# HP Quickweb confusion



## A_K_D (Apr 12, 2012)

I bought an HP Pavilion dm1-4010us and it comes with a second operating system called HP Quickweb.
It's fairly useful but as I was poking around google about background information about it I found that there is a better/different version of it that I see advertised but my version is nothing like that. I have HP Quickweb 3.1 (Hyperspace).
My question is: are there two different versions? If so what are the names so I can get the up'ed version or am I missing a something??
The version I have is shown in this youtube video HP QuickWeb
And the one version that is more advanced is shown here:
HP QuickWeb Tutorial - YouTube


----------



## Chomyn (May 14, 2012)

I have the same issue and been trying to figure it out for a long time.

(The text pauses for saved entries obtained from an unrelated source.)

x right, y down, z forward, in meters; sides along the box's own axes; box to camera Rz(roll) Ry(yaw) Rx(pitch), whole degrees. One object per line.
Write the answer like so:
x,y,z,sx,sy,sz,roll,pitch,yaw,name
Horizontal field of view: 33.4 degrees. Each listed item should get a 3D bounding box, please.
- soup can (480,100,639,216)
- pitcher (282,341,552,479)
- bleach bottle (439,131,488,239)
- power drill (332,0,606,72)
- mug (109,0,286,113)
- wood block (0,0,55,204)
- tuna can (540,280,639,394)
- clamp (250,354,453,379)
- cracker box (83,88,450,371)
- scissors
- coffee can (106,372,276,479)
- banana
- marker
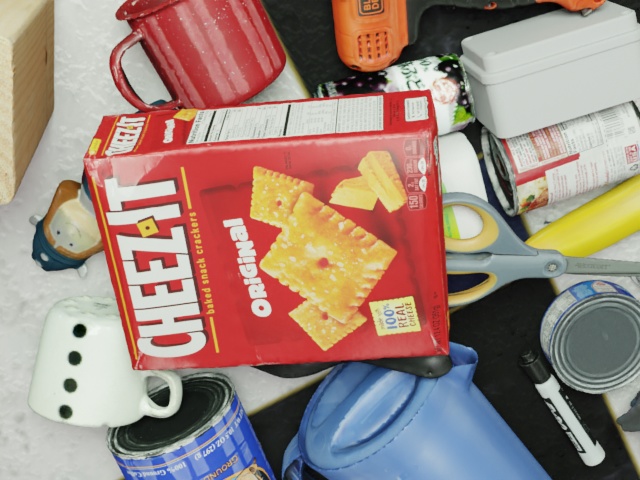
0.175,-0.064,0.766,0.102,0.068,0.068,-18,111,-1,soup can
0.097,0.195,0.825,0.242,0.149,0.145,47,66,-23,pitcher
-0.005,0.001,0.771,0.251,0.068,0.102,-16,114,2,bleach bottle
0.092,-0.205,0.689,0.187,0.057,0.184,-8,130,-1,power drill
-0.082,-0.127,0.695,0.117,0.093,0.081,-39,117,-21,mug
-0.212,-0.096,0.631,0.090,0.206,0.091,2,109,-8,wood block
0.218,0.075,0.840,0.086,0.034,0.086,-2,110,-6,tuna can
0.016,0.070,0.772,0.171,0.120,0.039,-16,118,3,clamp
-0.028,-0.002,0.685,0.214,0.072,0.164,-4,120,6,cracker box
0.152,0.001,0.738,0.202,0.016,0.096,-10,121,1,scissors
-0.086,0.186,0.805,0.103,0.103,0.140,-22,111,1,coffee can
0.234,-0.032,0.790,0.198,0.037,0.069,-33,154,13,banana
0.196,0.135,0.867,0.020,0.020,0.121,-33,110,5,marker
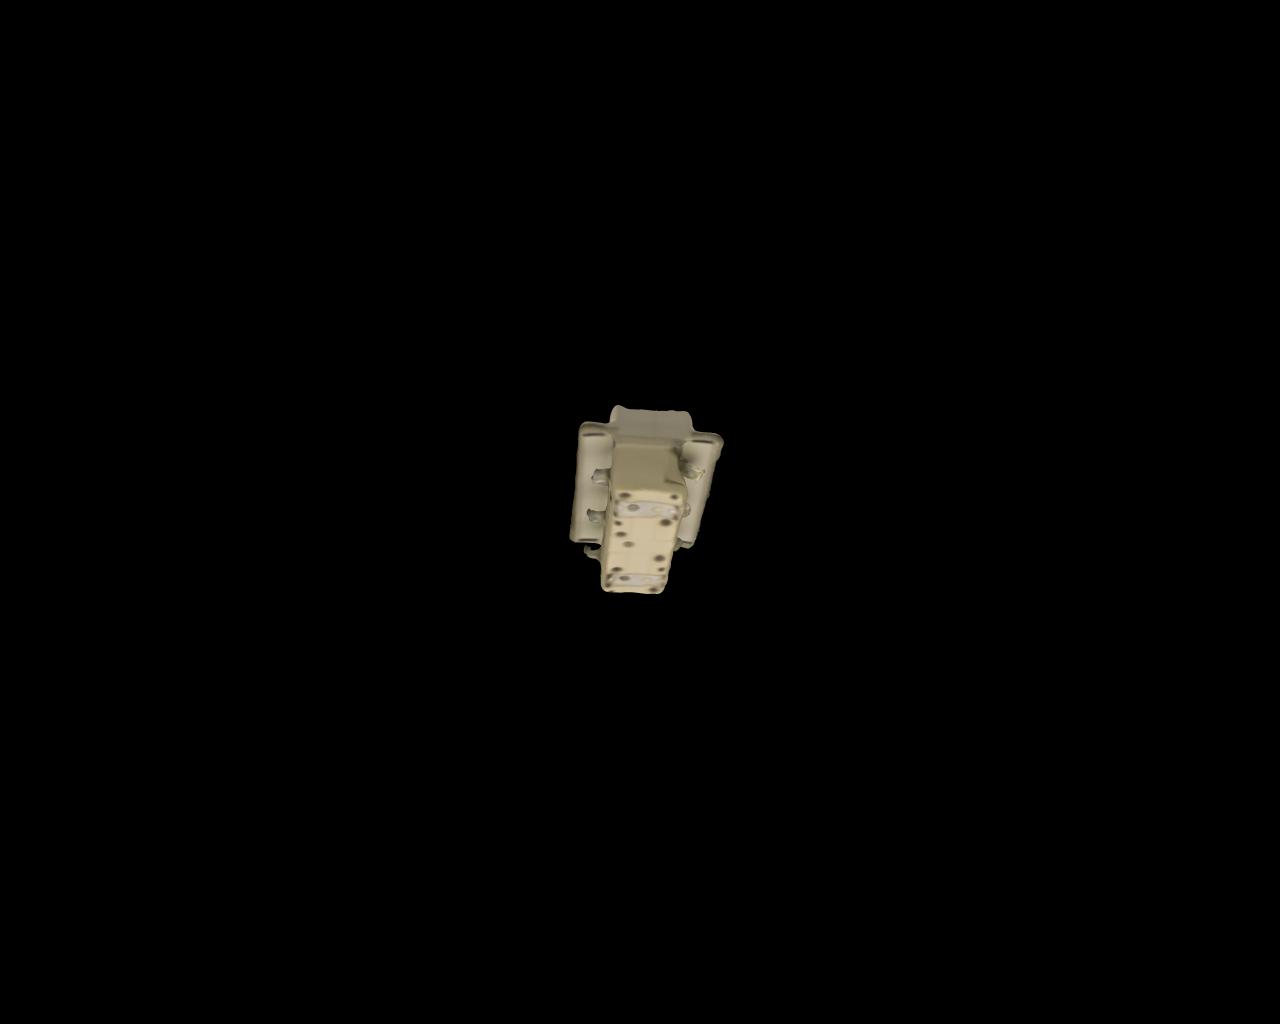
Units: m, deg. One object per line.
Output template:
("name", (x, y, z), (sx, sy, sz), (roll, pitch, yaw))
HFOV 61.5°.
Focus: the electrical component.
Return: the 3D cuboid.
("electrical component", (0.001, -0.003, 0.650), (0.079, 0.063, 0.121), (3, -33, -5))
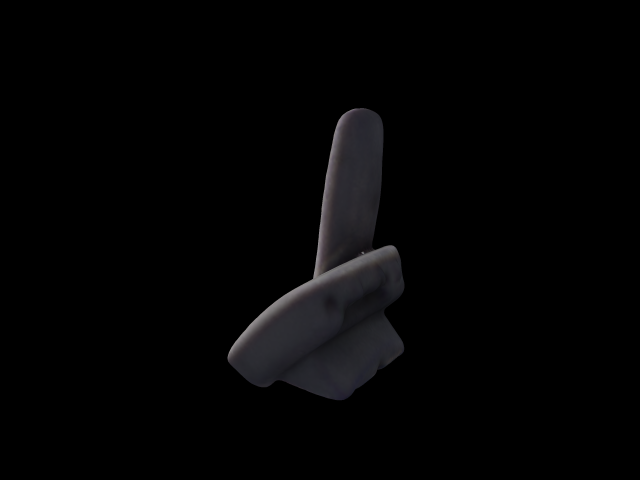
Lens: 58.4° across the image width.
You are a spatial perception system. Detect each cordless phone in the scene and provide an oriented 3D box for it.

However, I have to HP Mini Netbooks. The first one is model HP Mini 110-3700 which has QuickWeb that is shown the first video. The second one is a HP Mini 110-1100 which has Instant Web which is shown in the second video. The funny thing is that the second one is older than the first one, and I have no idea how to migrate from one to the other. I personally believe that they are system specific and you cannot migrate from one to the other. The first one you hit F5 to activate, and the second one automatically comes up when you start the computer with a setting in the BIOS to enable or disable it.

CC


----------